= Race: Science's Last Taboo =

British television series

Race: Science's Last Taboo is a season of five British television programmes about race, broadcast on Channel 4 in 2009. In promotion of the series, Channel 4 doctored images of famous individuals, such as Margaret Thatcher, The Beatles, Usain Bolt and Barack Obama, to change their racial appearances.

==Programmes==
Race and Intelligence: Science's Last Taboo

Journalist Rageh Omaar speaks with various scientists to discuss whether race and intelligence are linked.

Bleach, Nip, Tuck: The White Beauty Myth

A two-part episode that looks at the increasing trend for people to "de-racialise" their body through cosmetic surgery.

The Event: How Racist Are You?

A grade-school exercise called "Blue eyes/Brown eyes", devised by Jane Elliott in the 1960s, is recreated using members of the British public to draw attention to racism.

The Human Zoo: Science's Dirty Secret

A history of the human zoo, which were popular in the late 19th-early 20th centuries.
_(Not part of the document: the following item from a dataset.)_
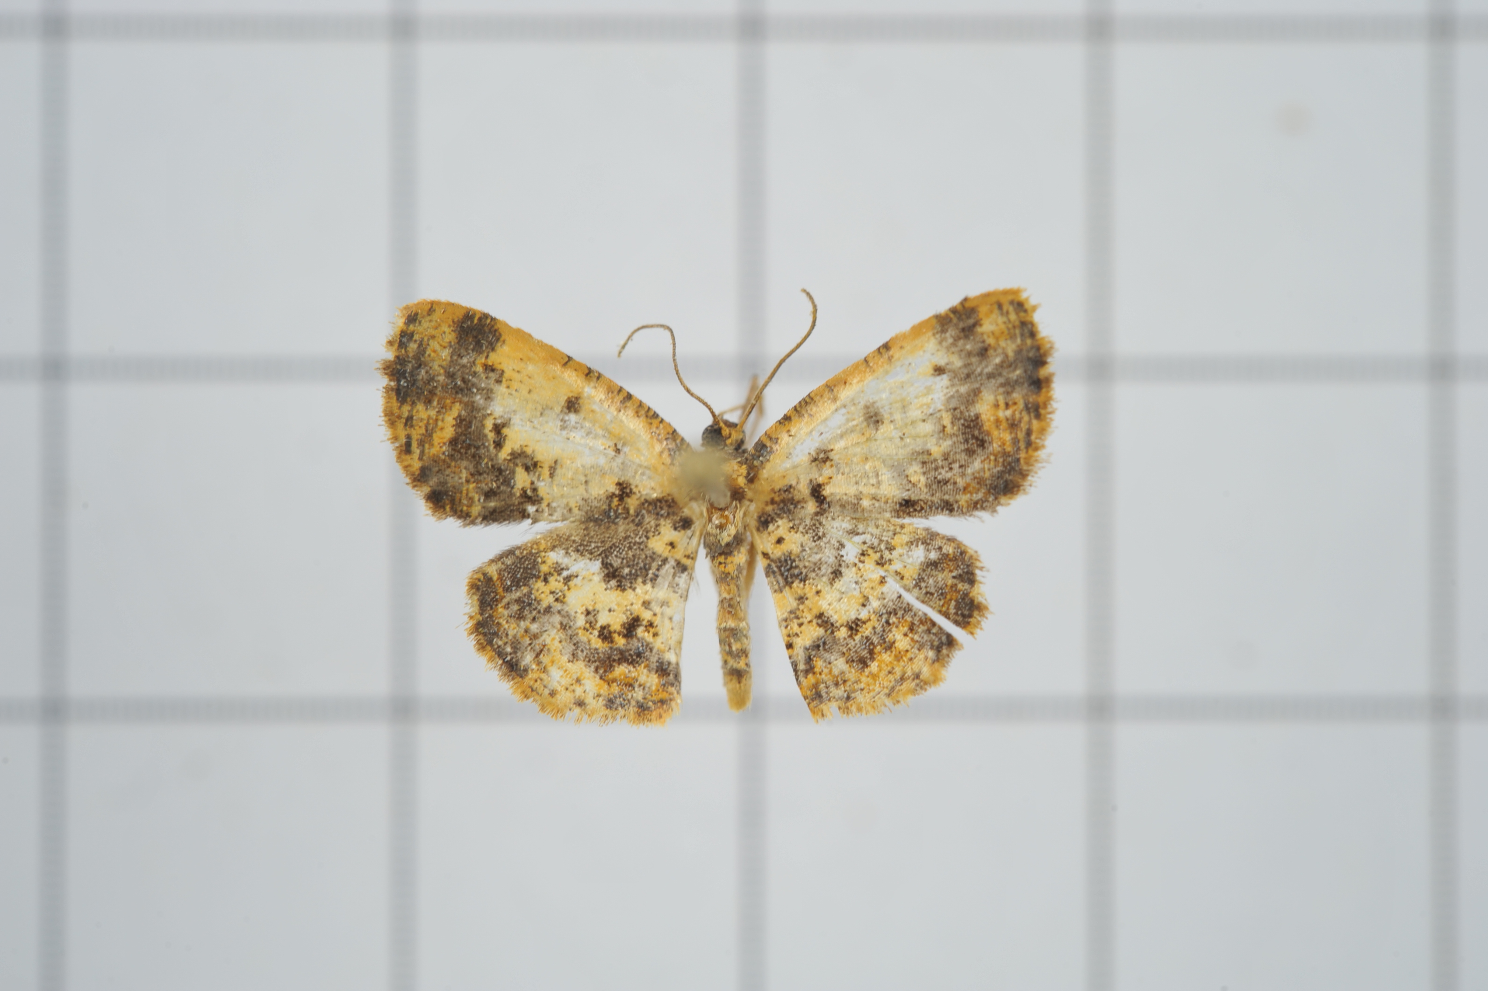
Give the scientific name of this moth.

Is It Better to Be Mixed Race?

Aarathi Prasad looks at whether this is a genetic advantage to being mixed race.

==Controversy==
"Race and Intelligence: Science's Last Taboo", the first episode of the series, caused controversy when scientists such as Richard Lynn and J. Philippe Rushton claimed in interview that Africans were less intelligent than white people and East-Asians a little more, with a mean I.Q above the white mean. The production of the programme had been inspired by similar comments made by the Nobel prize James Watson, who was advised not to participate.